That gray line running from one side to the center is a point to point auto reversing Tram serving that town and the brick factory kit (N Scale Architects) that is going there. This is based on a plan I found online, modified somewhat.

PLEASE have a look, We really do appreciate your opinions...

Rob
View attachment 589727
Bigfoot:

First, I agree with OilValley's sensible suggestions.

Besides those, I notice a lot of difficult-to-reach track. This is basically "NO FUN" built right into your design. :(
A "topside creeper" is very expensive, bulky to store, and basically a way to compensate (poorly) for bad design. Its your railroad, and you are free to go with what you have, but based on somewhat bitter personal experience, I feel strongly that its the wrong way to go.

Perhaps its just another SCARM error, but your mainline seems to be pushed out to, and running along, the table edge for no discernable reason. You list scenery and structures as "Must Haves." Moving the track in from the edges, especially in the "coffin corner" on the top right, will actually provide some locations for scenery & structures.

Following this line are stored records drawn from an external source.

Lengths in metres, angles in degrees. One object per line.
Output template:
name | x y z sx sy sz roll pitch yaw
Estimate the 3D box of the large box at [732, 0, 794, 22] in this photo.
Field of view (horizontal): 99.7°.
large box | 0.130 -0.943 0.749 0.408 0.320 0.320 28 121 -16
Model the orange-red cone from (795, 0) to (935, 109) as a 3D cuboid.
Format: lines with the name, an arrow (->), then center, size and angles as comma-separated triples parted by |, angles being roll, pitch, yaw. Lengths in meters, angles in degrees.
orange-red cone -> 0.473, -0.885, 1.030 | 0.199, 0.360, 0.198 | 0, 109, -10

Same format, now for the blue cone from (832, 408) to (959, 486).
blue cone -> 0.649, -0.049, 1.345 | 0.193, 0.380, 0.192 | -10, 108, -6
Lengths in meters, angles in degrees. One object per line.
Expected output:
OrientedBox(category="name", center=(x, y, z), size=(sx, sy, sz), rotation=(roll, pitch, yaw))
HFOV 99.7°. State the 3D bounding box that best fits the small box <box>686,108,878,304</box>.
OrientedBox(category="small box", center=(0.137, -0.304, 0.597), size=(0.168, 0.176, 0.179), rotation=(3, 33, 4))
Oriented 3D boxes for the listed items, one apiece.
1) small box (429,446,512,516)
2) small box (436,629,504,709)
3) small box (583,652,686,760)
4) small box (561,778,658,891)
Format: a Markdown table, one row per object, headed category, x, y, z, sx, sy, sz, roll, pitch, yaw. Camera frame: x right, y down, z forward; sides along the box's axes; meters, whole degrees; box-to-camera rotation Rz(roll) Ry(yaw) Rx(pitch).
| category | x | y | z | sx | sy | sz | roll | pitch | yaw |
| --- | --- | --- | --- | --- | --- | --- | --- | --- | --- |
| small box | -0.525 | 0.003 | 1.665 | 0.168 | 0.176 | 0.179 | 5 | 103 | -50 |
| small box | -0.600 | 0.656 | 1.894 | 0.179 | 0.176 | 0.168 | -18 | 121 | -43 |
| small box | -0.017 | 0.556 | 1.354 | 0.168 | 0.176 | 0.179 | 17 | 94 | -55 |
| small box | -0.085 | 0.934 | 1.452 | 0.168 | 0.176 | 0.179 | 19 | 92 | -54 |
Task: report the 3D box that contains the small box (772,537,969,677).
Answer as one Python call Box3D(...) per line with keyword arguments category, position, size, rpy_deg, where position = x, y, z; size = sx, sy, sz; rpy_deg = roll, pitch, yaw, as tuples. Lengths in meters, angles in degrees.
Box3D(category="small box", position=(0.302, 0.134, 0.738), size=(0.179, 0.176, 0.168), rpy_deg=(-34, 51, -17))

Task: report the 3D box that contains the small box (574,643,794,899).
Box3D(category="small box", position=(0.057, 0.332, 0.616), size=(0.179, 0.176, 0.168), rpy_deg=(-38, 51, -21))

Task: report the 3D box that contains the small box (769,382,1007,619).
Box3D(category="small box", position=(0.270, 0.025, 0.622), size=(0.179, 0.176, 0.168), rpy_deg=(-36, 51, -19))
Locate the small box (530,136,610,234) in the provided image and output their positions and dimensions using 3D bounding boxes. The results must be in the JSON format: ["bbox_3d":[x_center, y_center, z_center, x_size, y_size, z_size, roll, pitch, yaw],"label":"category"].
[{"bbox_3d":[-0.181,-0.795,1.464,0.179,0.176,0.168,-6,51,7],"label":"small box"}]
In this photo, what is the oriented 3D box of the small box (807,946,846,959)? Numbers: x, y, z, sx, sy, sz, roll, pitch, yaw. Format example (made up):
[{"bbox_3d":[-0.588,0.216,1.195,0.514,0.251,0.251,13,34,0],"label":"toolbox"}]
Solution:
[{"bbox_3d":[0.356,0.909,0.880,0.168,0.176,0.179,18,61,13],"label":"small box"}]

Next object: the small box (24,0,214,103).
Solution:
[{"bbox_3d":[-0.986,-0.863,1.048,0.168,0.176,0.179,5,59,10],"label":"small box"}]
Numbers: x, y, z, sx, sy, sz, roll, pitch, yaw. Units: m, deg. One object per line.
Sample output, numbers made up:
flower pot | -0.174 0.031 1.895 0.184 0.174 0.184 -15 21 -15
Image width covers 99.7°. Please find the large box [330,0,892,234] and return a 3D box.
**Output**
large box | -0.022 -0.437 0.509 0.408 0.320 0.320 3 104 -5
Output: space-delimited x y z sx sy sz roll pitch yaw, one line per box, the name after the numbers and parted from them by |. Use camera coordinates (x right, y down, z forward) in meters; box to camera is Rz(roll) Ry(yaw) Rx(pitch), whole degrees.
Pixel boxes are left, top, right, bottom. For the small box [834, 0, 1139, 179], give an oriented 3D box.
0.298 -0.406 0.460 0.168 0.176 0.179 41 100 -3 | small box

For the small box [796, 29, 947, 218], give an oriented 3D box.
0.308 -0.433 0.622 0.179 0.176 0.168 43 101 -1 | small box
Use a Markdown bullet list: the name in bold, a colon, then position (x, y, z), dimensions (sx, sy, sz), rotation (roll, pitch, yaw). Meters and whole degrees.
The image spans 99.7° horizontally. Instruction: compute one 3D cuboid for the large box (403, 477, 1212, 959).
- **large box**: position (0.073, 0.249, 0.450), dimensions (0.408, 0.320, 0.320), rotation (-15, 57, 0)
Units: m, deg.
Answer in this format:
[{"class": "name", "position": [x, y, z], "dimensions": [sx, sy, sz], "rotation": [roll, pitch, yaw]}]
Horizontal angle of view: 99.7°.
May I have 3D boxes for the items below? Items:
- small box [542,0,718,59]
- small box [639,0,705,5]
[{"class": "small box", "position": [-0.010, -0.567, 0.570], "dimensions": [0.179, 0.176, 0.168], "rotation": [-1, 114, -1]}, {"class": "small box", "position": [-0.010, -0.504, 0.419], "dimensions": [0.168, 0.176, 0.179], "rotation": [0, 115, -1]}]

The three long sidings, (and their short, loco-storing brethren) take up a lot of your potential scenery & structure space.
While, operationally speaking, sidings are a good thing to have, they should (ideally) make sense. Those sidings are located very close to the yard, and to the front part of your main line. Yet, for reasons that make no sense to me, they are not connected to the yard that's right there next to them, or to the equally nearby main line. Instead they branch off from the mainline way out in back, presumably miles away. Why?

I suggest you keep the overall size & shape of your layout. Also keep most of the track where it is, with the exception of bringing it in from the edges. I recommend you remove the three sidings and stubs from the middle. They don't get deleted altogether, just re-located to the left, or bottom, parts of the layout, where they will make more sense operationally.
Your trains deliver, and/or pick up, freight over there from the industries the re-located sidings serve. The trains then transport the freight to the yard area where it can be unloaded, or forwarded to another train going on to the freight's final destination. (actually hidden staging tracks.)
A runaround track could be made from one of the yard tracks, or an added track parallel to the yard. To function as a runaround, you're right, it needs a turnout at each end, and some track beyond each turnout, for the loco, & perhaps a car or two, to get past the turnout so it can be thrown to its other route. (AKA past the "fouling point" of the turnout.)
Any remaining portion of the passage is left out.